Rapid and Sensitive Determination of Clenbuterol, Ractopamine, and Phenolethanolamine in Meat

Significance of the Topic

The control of β2-agonist residues such as clenbuterol, ractopamine and phenylethanolamine in meat is critical due to their potential adverse effects on human health and strict regulatory bans in many regions. Reliable, rapid and sensitive analytical methods are needed to ensure food safety and regulatory compliance.

Objectives and Study Overview

This work aims to establish a high-performance liquid chromatography method with online solid-phase extraction and UV detection for simultaneous determination of clenbuterol, ractopamine and phenylethanolamine in meat. The goal is to achieve method detection limits comparable to mass spectrometry while benefiting from automation and reduced analysis time.

Methodology

Meat samples (e.g. pork) are homogenized and extracted with water and dilute acetic acid, followed by centrifugation and filtration. An ultrahigh-pressure liquid chromatography system is equipped for online SPE using a divinylbenzene polymer cartridge. Chromatographic separation is performed on a 3 μm polar-advantage column with a multi-step gradient of formate buffer, acetonitrile and water, at 0.6 mL/min and 25 °C. Detection is by UV absorbance at 210 nm. Method precision and detection limits are assessed via repeated injections of standard mixtures.

Instrumentation

• UltiMate 3000 Dual RSLC system with dual gradient pump, degasser, thermostatted sampler and column compartment
• DAD-3000RS diode array detector with semi-micro flow cell
• Dionex SolEx SPE cartridge (2.1 × 20 mm)
• Acclaim PolarAdvantage analytical column (3.0 × 150 mm, 3 μm)
• Chromeleon CDS software (v7.1 or higher)
• Benchtop pH meter and 0.45 μm syringe filters for sample preparation

Key Results and Discussion

• Baseline separation of all three analytes achieved within 10 minutes.
• Retention time RSDs of 0.04% and peak area RSDs below 3% demonstrate high precision.
• Method detection limits (S/N = 3) were 1 μg/L for clenbuterol, 0.15 μg/L for ractopamine and 0.5 μg/L for phenylethanolamine, matching MS-based methods.
• A pork sample exhibited clenbuterol contamination at ~10 μg/L, confirming method applicability for routine screening.
• Sample cleanup provided approximately 75% recovery for clenbuterol; ractopamine and phenylethanolamine recoveries were comparable.

Benefits and Practical Applications

• Fully automated online SPE reduces manual handling, saves time and minimizes operator variability.
• UV detection delivers MS-equivalent sensitivity at lower instrumentation cost.
• Rapid analysis supports high sample throughput in food safety laboratories.
• Method is suitable for QA/QC screening of banned growth promoters in meat products.

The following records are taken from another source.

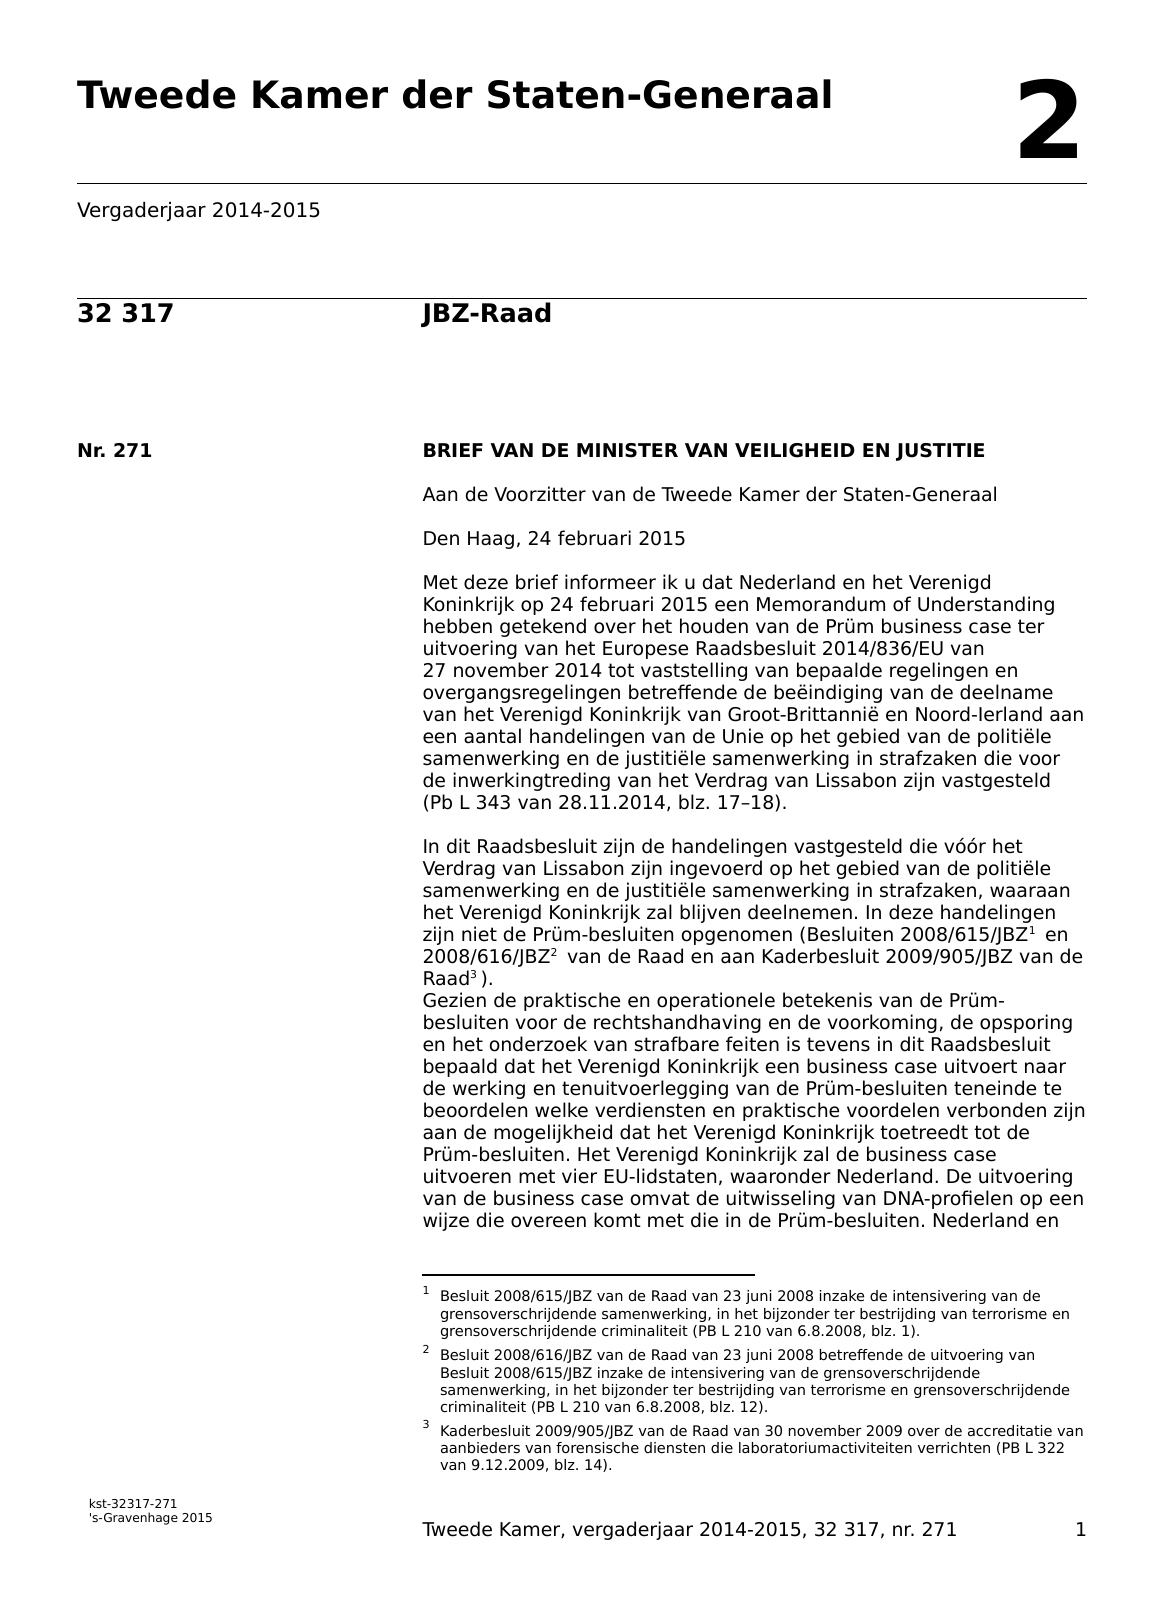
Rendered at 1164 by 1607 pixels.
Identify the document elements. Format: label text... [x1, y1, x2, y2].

text Besluit 2008/616/JBZ van de Raad van 23 juni 2008 betreffende de uitvoering van Besluit 2008/615/JBZ inzake de intensivering van de grensoverschrijdende samenwerking, in het bijzonder ter bestrijding van terrorisme en grensoverschrijdende criminaliteit (PB L 210 van 6.8.2008, blz. 12). [422, 1343, 1087, 1416]
subtitle Nr. 271 BRIEF VAN DE MINISTER VAN VEILIGHEID EN JUSTITIE [77, 440, 1087, 462]
subtitle 32 317 JBZ-Raad [77, 299, 1087, 329]
text Besluit 2008/615/JBZ van de Raad van 23 juni 2008 inzake de intensivering van de grensoverschrijdende samenwerking, in het bijzonder ter bestrijding van terrorisme en grensoverschrijdende criminaliteit (PB L 210 van 6.8.2008, blz. 1). [422, 1284, 1087, 1340]
text Aan de Voorzitter van de Tweede Kamer der Staten-Generaal [422, 484, 1087, 506]
text Gezien de praktische en operationele betekenis van de Prüm-besluiten voor de rechtshandhaving en de voorkoming, de opsporing en het onderzoek van strafbare feiten is tevens in dit Raadsbesluit bepaald dat het Verenigd Koninkrijk een business case uitvoert naar de werking en tenuitvoerlegging van de Prüm-besluiten teneinde te beoordelen welke verdiensten en praktische voordelen verbonden zijn aan de mogelijkheid dat het Verenigd Koninkrijk toetreedt tot de Prüm-besluiten. Het Verenigd Koninkrijk zal de business case uitvoeren met vier EU-lidstaten, waaronder Nederland. De uitvoering van de business case omvat de uitwisseling van DNA-profielen op een wijze die overeen komt met die in de Prüm-besluiten. Nederland en [422, 990, 1087, 1232]
text Kaderbesluit 2009/905/JBZ van de Raad van 30 november 2009 over de accreditatie van aanbieders van forensische diensten die laboratoriumactiviteiten verrichten (PB L 322 van 9.12.2009, blz. 14). [422, 1418, 1087, 1474]
table_header Tweede Kamer der Staten-Generaal [77, 59, 886, 183]
table_cell Vergaderjaar 2014-2015 [77, 184, 1087, 298]
text Met deze brief informeer ik u dat Nederland en het Verenigd Koninkrijk op 24 februari 2015 een Memorandum of Understanding hebben getekend over het houden van de Prüm business case ter uitvoering van het Europese Raadsbesluit 2014/836/EU van 27 november 2014 tot vaststelling van bepaalde regelingen en overgangsregelingen betreffende de beëindiging van de deelname van het Verenigd Koninkrijk van Groot-Brittannië en Noord-Ierland aan een aantal handelingen van de Unie op het gebied van de politiële samenwerking en de justitiële samenwerking in strafzaken die voor de inwerkingtreding van het Verdrag van Lissabon zijn vastgesteld (Pb L 343 van 28.11.2014, blz. 17–18). [422, 572, 1087, 814]
text kst-32317-271 [88, 1497, 323, 1511]
table_header 2 [886, 59, 1087, 183]
text 's-Gravenhage 2015 [88, 1511, 323, 1525]
text Den Haag, 24 februari 2015 [422, 528, 1087, 550]
text In dit Raadsbesluit zijn de handelingen vastgesteld die vóór het Verdrag van Lissabon zijn ingevoerd op het gebied van de politiële samenwerking en de justitiële samenwerking in strafzaken, waaraan het Verenigd Koninkrijk zal blijven deelnemen. In deze handelingen zijn niet de Prüm-besluiten opgenomen (Besluiten 2008/615/JBZ en 2008/616/JBZ van de Raad en aan Kaderbesluit 2009/905/JBZ van de Raad). [422, 836, 1087, 990]
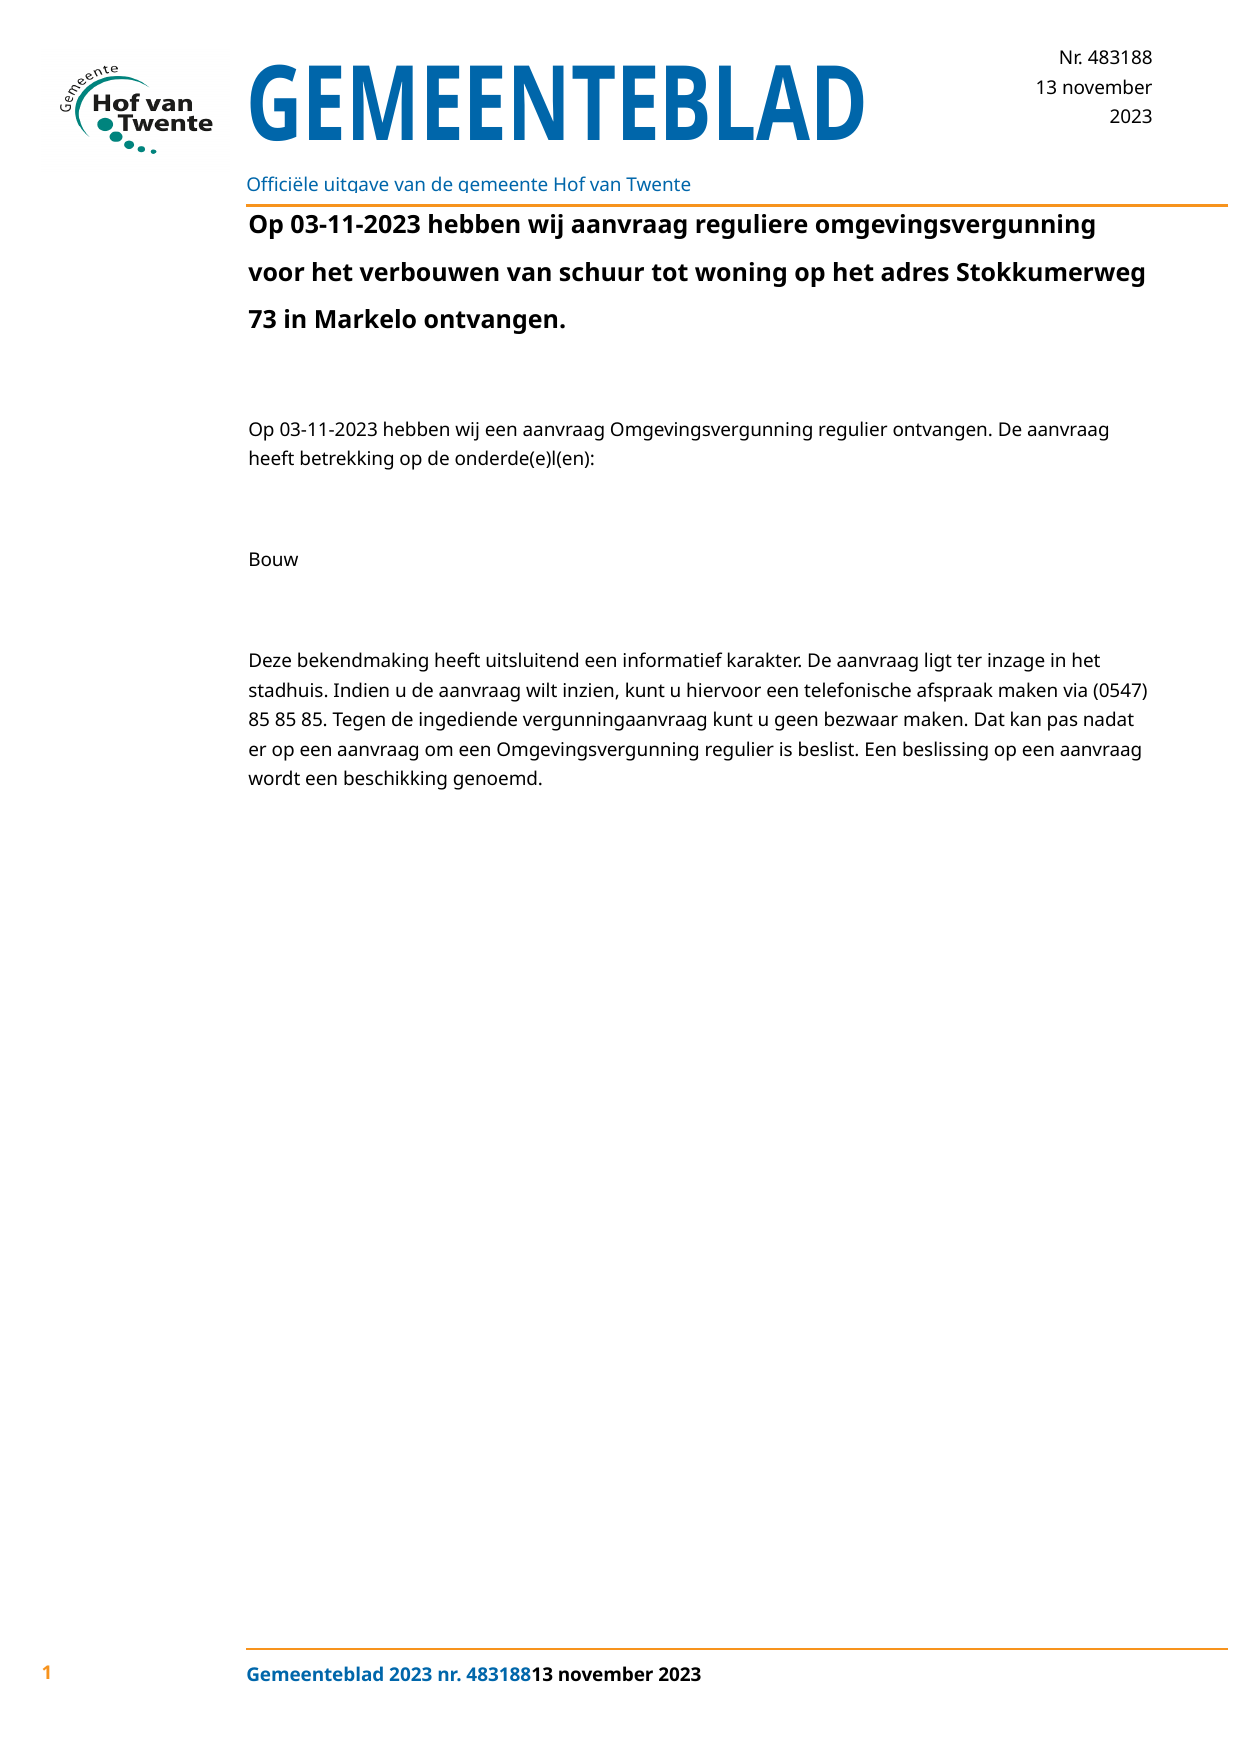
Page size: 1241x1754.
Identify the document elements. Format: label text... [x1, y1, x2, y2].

text Op 03-11-2023 hebben wij een aanvraag Omgevingsvergunning regulier ontvangen. De aanvraag heeft betrekking op de onderde(e)l(en): [248, 416, 1152, 471]
text Bouw [248, 546, 1152, 572]
text Deze bekendmaking heeft uitsluitend een informatief karakter. De aanvraag ligt ter inzage in het stadhuis. Indien u de aanvraag wilt inzien, kunt u hiervoor een telefonische afspraak maken via (0547) 85 85 85. Tegen de ingediende vergunningaanvraag kunt u geen bezwaar maken. Dat kan pas nadat er op een aanvraag om een Omgevingsvergunning regulier is beslist. Een beslissing op een aanvraag wordt een beschikking genoemd. [248, 647, 1152, 791]
text Op 03-11-2023 hebben wij aanvraag reguliere omgevingsvergunning voor het verbouwen van schuur tot woning op het adres Stokkumerweg 73 in Markelo ontvangen. [248, 207, 1152, 336]
picture [41, 47, 231, 172]
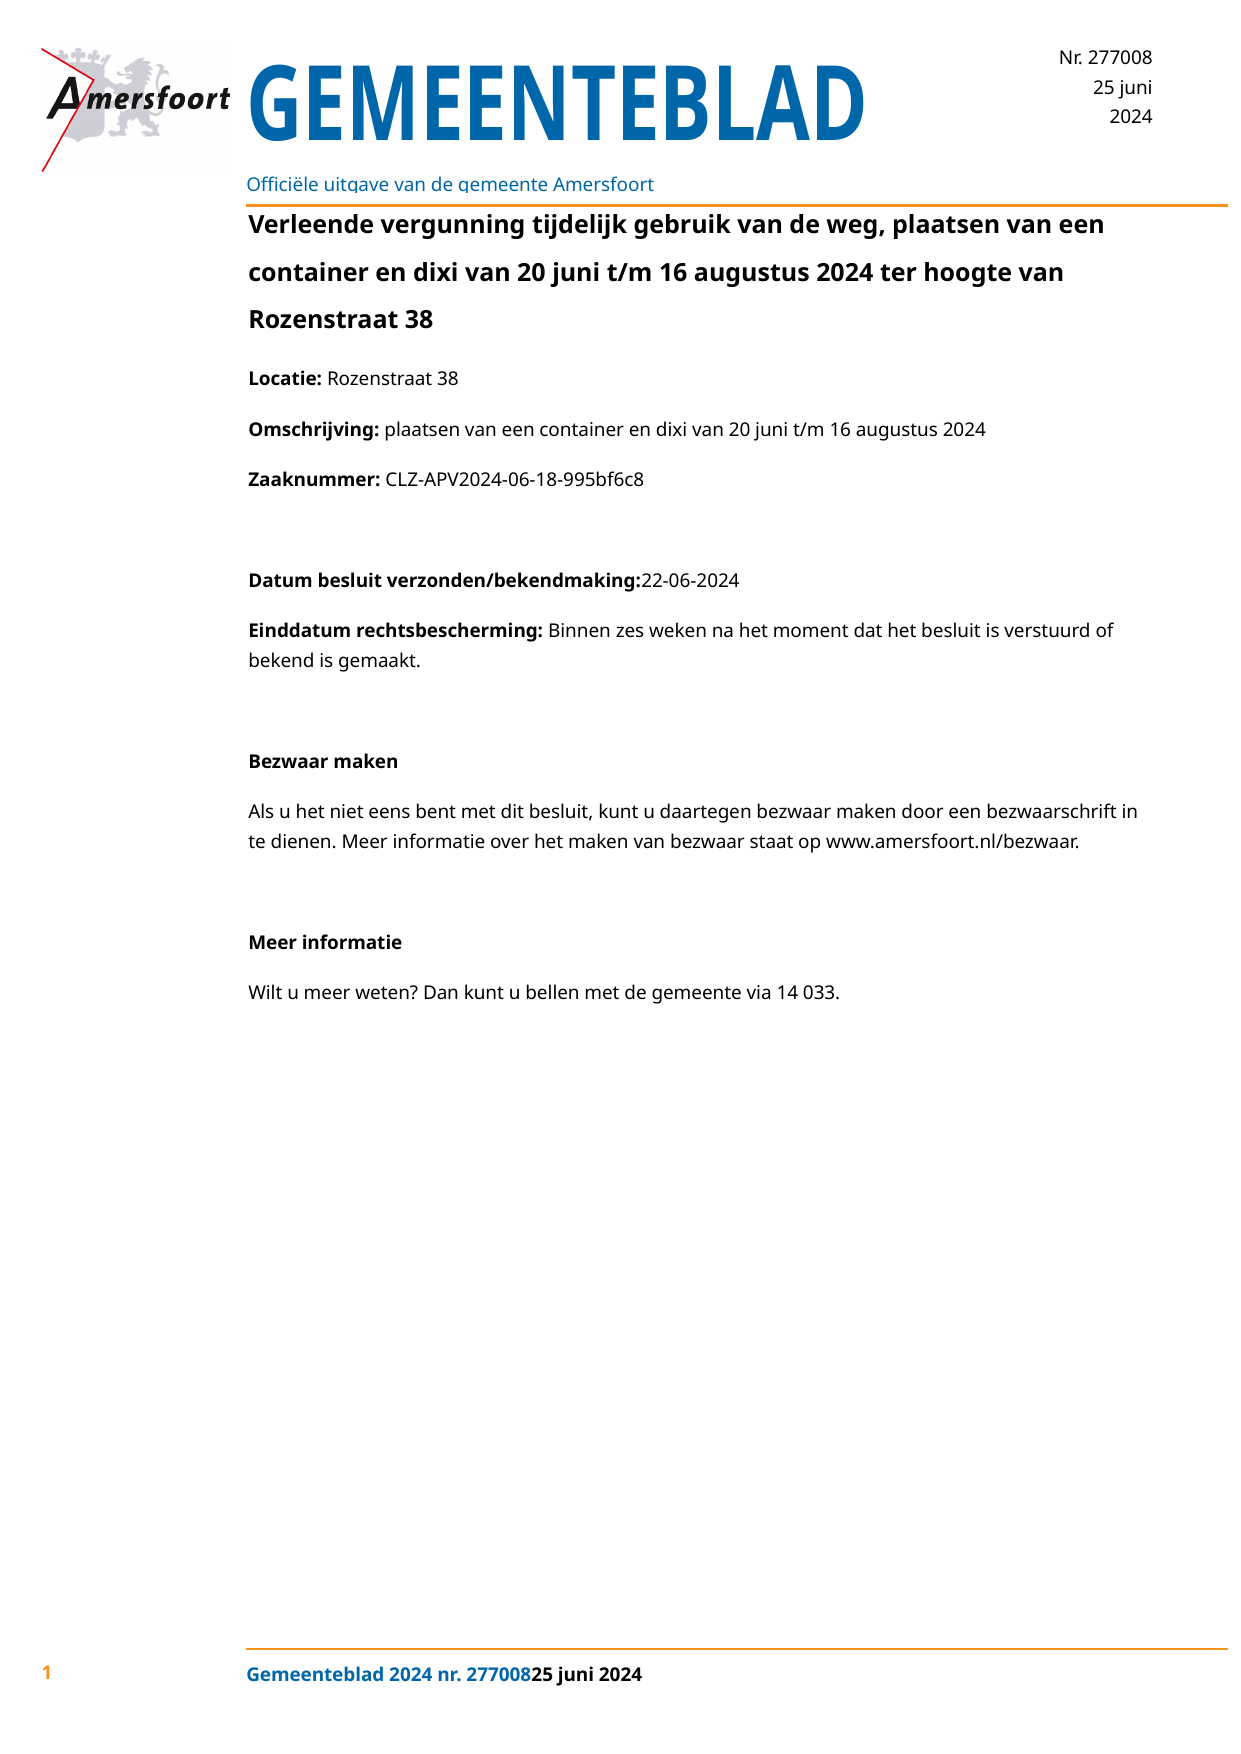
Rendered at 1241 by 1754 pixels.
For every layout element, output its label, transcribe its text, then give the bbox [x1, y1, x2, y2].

text Bezwaar maken [248, 748, 1152, 774]
picture [41, 47, 231, 172]
text Einddatum rechtsbescherming: Binnen zes weken na het moment dat het besluit is verstuurd of bekend is gemaakt. [248, 618, 1152, 673]
text Meer informatie [248, 929, 1152, 954]
text Verleende vergunning tijdelijk gebruik van de weg, plaatsen van een container en dixi van 20 juni t/m 16 augustus 2024 ter hoogte van Rozenstraat 38 [248, 207, 1152, 336]
text Zaaknummer: CLZ-APV2024-06-18-995bf6c8 [248, 466, 1152, 492]
text Wilt u meer weten? Dan kunt u bellen met de gemeente via 14 033. [248, 979, 1152, 1005]
text Omschrijving: plaatsen van een container en dixi van 20 juni t/m 16 augustus 2024 [248, 416, 1152, 442]
text Locatie: Rozenstraat 38 [248, 366, 1152, 391]
text Datum besluit verzonden/bekendmaking:22-06-2024 [248, 567, 1152, 593]
text Als u het niet eens bent met dit besluit, kunt u daartegen bezwaar maken door een bezwaarschrift in te dienen. Meer informatie over het maken van bezwaar staat op www.amersfoort.nl/bezwaar. [248, 798, 1152, 854]

Future Trends and Opportunities

• Integration with tandem mass spectrometry for confirmatory analysis and broader analyte panels.
• Development of miniaturized on-line SPE formats to reduce solvent consumption and sample size.
• Application of greener solvents and buffers to improve sustainability.
• Expansion to other complex food matrices, such as dairy and poultry products.

Conclusion

An online SPE-HPLC-UV method has been demonstrated for the rapid, precise and sensitive determination of clenbuterol, ractopamine and phenylethanolamine in meat. The approach combines full automation with detection limits equivalent to MS methods, offering an efficient solution for regulatory compliance and food safety monitoring.

References

1. Nie JT, Hong ZT, Lian J, Deng XL. Rapid Determination of Ractopamine and Clenbuterol in Animal Urine with HPLC-MS/MS. Chin J Vet Drug. 2008;42(8):17–20.
2. Ying YF, Pi XE, Wu PG, Chen HH, Zhu CY, Lu CB. Simultaneous Determination of Ractopamine and Clenbuterol Residues in Animal Urine with Gas Chromatography-Mass Spectrometry. J Chin Mass Spectr Soc. 2006;27(2):74–78.
3. GB/T22147-2008: Determination of Salbutamol, Ractopamine and Clenbuterol in Feeds—Liquid Chromatography Mass Spectrometry; SAC, 2008.
4. GB/T22286-2008: Determination of β2-Agonists Residues in Foodstuff of Animal Origin—LC with Tandem MS; SAC, 2008.
5. Dionex (Thermo Scientific) SolEx HRP On-Line Sample SPE Concentration Cartridges. Sunnyvale, CA; 2010.
6. Thermo Scientific Application Update 186: Rapid HPLC Determination of Carbofuran and Carbaryl in Tap and Environmental Waters Using On-Line SPE. Sunnyvale, CA; 2012.
7. Thermo Scientific Application Note 292: Determination of Aniline and Nitroanilines in Environmental and Drinking Waters by On-Line SPE. Sunnyvale, CA; 2012.